### Task details
All of the data below is to be repeated exactly, except for the pictures.

### Records contained in a dataset

>>>

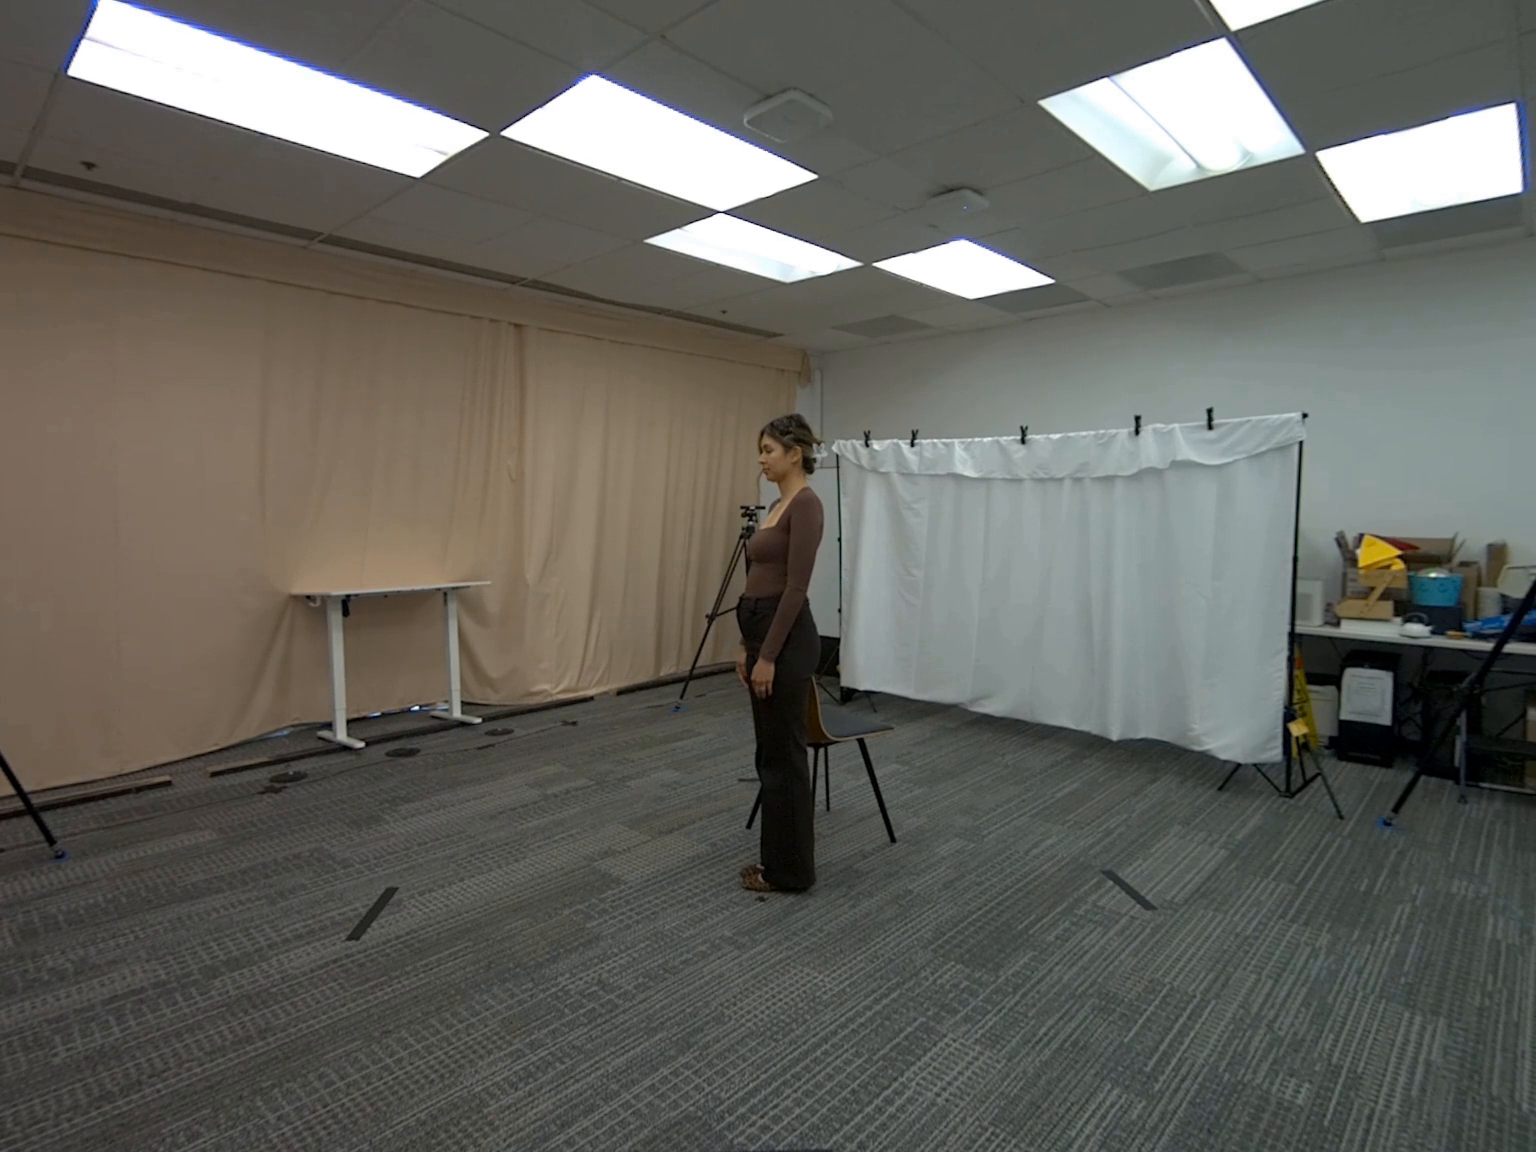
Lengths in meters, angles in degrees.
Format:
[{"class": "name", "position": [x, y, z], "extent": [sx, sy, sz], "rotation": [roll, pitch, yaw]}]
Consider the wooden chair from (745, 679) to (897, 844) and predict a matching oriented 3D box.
[{"class": "wooden chair", "position": [0.223, 0.673, 3.537], "extent": [0.509, 0.874, 0.492], "rotation": [-7, 6, -32]}]

<<<

### Exercise solution
Lengths in meters, angles in degrees.
Format:
[{"class": "name", "position": [x, y, z], "extent": [sx, sy, sz], "rotation": [roll, pitch, yaw]}]
Consider the wooden chair from (745, 679) to (897, 844) and predict a matching oriented 3D box.
[{"class": "wooden chair", "position": [0.223, 0.673, 3.537], "extent": [0.509, 0.874, 0.492], "rotation": [-7, 6, -32]}]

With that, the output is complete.